### Problem statement
For the data below, give again exactly the lines from the one containing "Answer: Social Media" through the one containing "Answer: OL Foundation", both ends included, and no others.

[Opening Input material section]

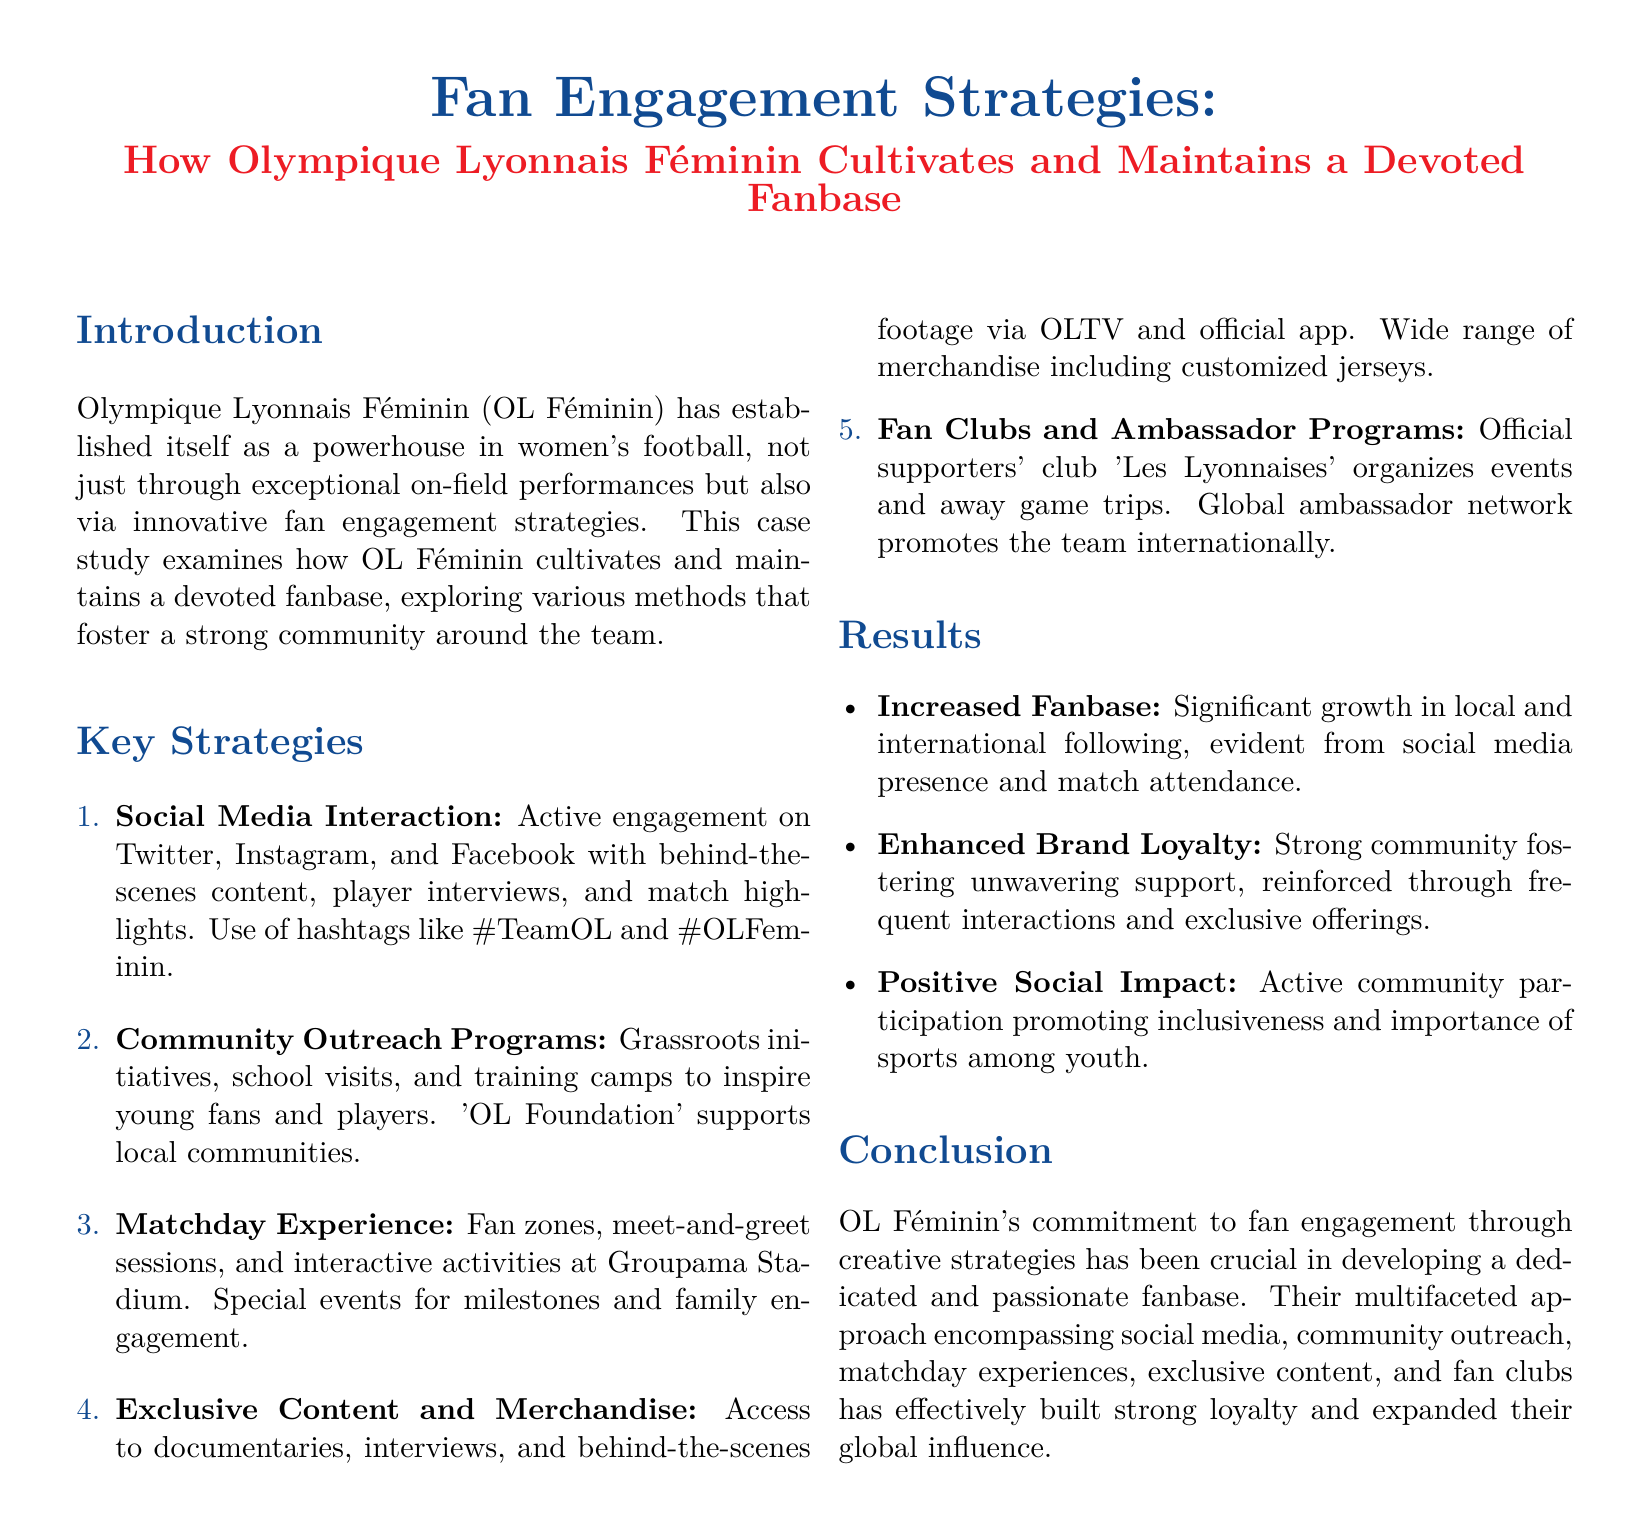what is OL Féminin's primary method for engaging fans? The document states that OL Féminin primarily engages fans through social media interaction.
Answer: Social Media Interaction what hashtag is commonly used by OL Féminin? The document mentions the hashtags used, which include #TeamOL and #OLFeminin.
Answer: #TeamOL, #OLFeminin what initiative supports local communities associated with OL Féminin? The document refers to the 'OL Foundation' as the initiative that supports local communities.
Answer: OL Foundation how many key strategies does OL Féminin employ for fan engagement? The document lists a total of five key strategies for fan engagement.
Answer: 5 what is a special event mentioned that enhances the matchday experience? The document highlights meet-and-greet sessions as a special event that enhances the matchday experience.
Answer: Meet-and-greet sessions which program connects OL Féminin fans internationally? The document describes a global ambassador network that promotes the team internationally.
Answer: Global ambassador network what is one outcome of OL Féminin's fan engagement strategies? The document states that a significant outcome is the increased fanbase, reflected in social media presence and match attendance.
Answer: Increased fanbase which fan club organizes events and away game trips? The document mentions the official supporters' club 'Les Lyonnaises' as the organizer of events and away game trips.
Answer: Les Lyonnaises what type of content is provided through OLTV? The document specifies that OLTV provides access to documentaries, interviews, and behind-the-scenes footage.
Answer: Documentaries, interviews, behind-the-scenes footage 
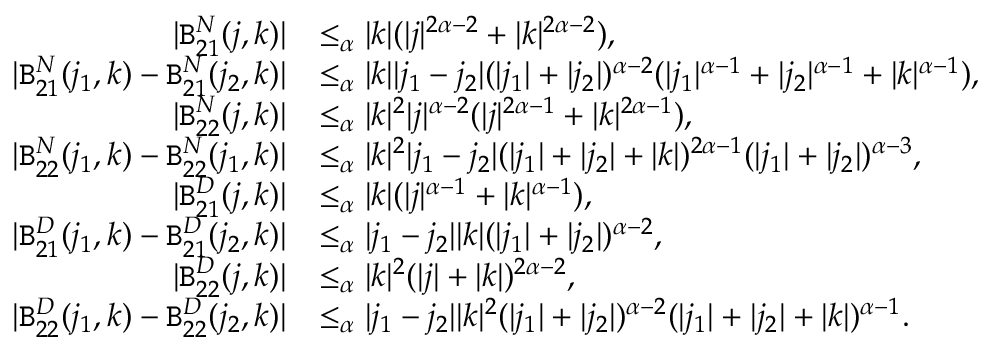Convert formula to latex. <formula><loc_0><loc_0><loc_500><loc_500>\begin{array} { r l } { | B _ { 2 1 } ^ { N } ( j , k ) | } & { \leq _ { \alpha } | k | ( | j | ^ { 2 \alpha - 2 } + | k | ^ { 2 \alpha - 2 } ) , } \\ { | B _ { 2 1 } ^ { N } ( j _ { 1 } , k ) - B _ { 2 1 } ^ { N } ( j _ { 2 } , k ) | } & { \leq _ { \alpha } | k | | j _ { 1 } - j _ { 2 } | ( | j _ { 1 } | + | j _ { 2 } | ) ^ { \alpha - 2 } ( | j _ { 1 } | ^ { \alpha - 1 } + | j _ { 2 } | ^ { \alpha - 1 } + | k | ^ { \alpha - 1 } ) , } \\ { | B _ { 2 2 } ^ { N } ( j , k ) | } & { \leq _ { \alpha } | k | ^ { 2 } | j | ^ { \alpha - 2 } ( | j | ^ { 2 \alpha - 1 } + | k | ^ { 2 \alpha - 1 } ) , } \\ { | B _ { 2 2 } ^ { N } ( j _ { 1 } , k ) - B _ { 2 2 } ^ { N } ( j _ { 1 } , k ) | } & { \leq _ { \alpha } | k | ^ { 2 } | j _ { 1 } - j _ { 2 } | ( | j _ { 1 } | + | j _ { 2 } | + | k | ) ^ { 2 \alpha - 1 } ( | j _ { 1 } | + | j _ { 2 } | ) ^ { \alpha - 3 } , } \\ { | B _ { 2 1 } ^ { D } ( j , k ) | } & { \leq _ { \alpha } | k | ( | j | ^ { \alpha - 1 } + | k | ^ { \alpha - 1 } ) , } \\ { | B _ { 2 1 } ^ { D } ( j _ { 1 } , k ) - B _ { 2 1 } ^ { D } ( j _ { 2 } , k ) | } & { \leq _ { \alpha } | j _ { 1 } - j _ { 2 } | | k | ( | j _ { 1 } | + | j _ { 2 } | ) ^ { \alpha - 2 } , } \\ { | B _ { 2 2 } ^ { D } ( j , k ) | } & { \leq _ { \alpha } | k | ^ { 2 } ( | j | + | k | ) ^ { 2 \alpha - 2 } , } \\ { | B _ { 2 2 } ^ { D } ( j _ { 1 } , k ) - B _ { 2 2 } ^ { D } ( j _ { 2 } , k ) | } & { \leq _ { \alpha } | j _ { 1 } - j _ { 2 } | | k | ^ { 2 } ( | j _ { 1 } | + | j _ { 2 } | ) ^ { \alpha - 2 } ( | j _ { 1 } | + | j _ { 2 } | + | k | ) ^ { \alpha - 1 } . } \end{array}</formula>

[Closing Input material section]

### Task output
Answer: Social Media Interaction what hashtag is commonly used by OL Féminin? The document mentions the hashtags used, which include #TeamOL and #OLFeminin.
Answer: #TeamOL, #OLFeminin what initiative supports local communities associated with OL Féminin? The document refers to the 'OL Foundation' as the initiative that supports local communities.
Answer: OL Foundation how many key strategies does OL Féminin employ for fan engagement? The document lists a total of five key strategies for fan engagement.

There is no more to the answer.